Your task: The task for the listing below is to write out exactly the lines starting at the one containing "Answer yes or no. No. Is Magenta less" and ending at the one containing "Answer yes or no. No. Is Midnight", both included. Pictures are to be omitted.

───

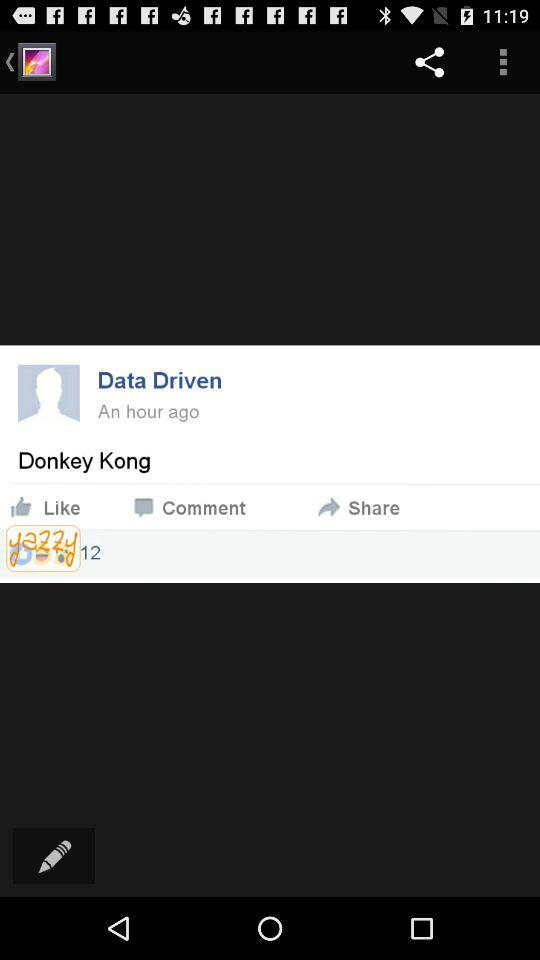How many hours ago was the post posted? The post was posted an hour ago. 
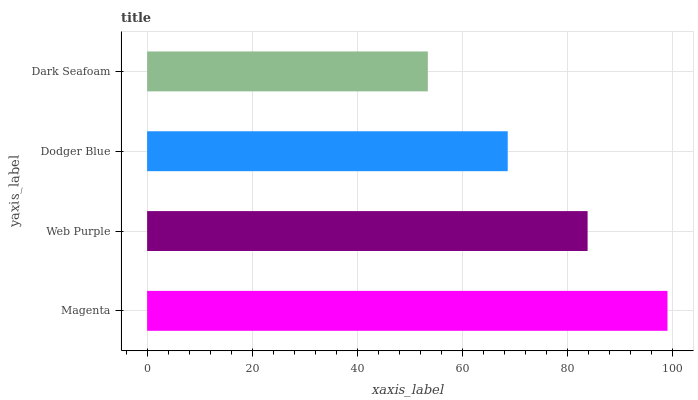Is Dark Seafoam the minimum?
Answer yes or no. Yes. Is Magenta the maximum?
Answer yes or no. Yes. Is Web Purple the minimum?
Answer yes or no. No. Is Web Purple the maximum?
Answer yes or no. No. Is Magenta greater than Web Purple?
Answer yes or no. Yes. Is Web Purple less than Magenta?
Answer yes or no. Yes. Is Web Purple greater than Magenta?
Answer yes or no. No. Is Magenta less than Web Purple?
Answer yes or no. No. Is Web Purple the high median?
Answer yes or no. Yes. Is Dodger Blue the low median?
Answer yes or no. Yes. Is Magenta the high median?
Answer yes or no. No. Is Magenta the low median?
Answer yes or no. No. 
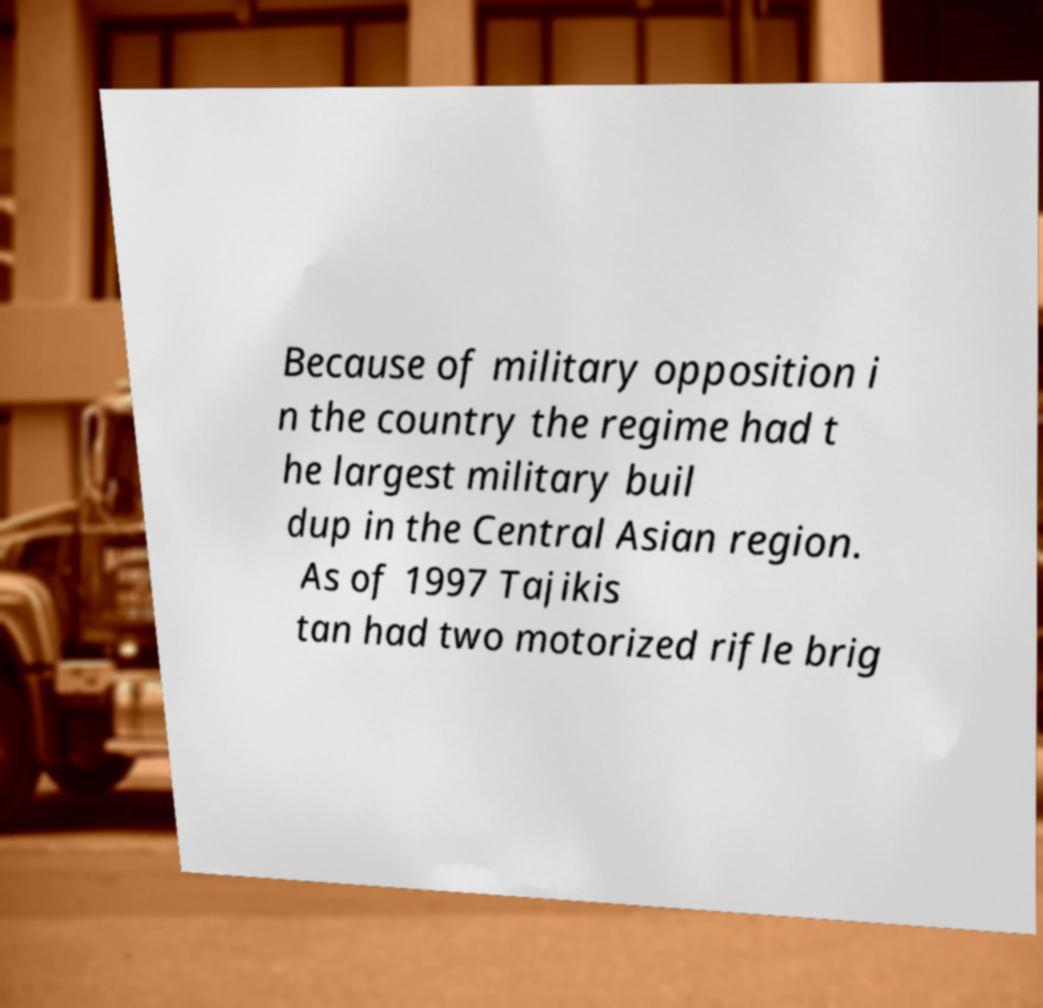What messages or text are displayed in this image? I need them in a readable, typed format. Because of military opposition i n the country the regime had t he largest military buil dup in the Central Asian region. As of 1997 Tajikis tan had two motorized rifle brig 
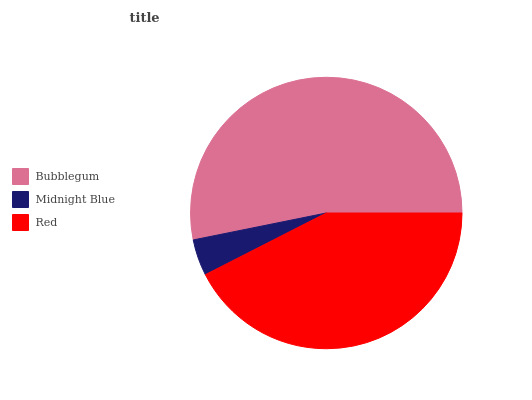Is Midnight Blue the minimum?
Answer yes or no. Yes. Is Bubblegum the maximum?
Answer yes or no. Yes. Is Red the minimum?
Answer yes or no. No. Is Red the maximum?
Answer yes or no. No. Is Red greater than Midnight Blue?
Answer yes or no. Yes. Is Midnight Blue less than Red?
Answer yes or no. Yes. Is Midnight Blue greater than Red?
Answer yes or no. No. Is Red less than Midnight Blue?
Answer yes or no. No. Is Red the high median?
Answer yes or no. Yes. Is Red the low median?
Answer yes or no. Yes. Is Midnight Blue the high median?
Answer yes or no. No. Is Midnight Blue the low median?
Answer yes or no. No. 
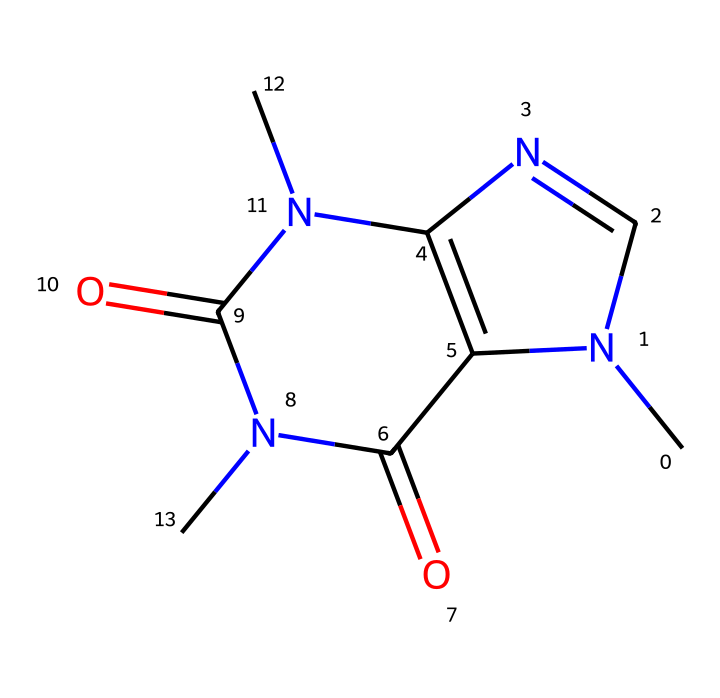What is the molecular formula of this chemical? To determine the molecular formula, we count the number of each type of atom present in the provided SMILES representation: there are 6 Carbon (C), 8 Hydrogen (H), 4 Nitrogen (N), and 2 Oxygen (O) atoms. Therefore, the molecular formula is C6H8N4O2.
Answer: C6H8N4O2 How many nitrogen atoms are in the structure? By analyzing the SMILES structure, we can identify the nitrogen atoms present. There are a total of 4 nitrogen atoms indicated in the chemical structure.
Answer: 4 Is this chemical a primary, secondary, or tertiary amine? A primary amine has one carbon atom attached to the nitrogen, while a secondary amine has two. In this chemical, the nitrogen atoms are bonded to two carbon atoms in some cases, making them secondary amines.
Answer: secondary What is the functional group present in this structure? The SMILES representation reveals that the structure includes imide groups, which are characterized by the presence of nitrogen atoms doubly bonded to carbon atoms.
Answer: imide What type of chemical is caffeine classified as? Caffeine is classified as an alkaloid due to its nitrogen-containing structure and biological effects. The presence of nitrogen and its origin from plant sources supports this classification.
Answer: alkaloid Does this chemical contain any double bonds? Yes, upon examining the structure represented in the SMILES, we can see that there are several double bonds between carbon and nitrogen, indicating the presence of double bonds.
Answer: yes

───

Written answer:
Answer yes or no. No. Is Magenta less than Web Purple?
Answer yes or no. No. Is Web Purple the high median?
Answer yes or no. Yes. Is Dodger Blue the low median?
Answer yes or no. Yes. Is Magenta the high median?
Answer yes or no. No. Is Magenta the low median?
Answer yes or no. No. 
What messages or text are displayed in this image? I need them in a readable, typed format. Because of military opposition i n the country the regime had t he largest military buil dup in the Central Asian region. As of 1997 Tajikis tan had two motorized rifle brig 
Is Midnight Blue the minimum?
Answer yes or no. Yes. Is Bubblegum the maximum?
Answer yes or no. Yes. Is Red the minimum?
Answer yes or no. No. Is Red the maximum?
Answer yes or no. No. Is Red greater than Midnight Blue?
Answer yes or no. Yes. Is Midnight Blue less than Red?
Answer yes or no. Yes. Is Midnight Blue greater than Red?
Answer yes or no. No. Is Red less than Midnight Blue?
Answer yes or no. No. Is Red the high median?
Answer yes or no. Yes. Is Red the low median?
Answer yes or no. Yes. Is Midnight Blue the high median?
Answer yes or no. No. Is Midnight Blue the low median?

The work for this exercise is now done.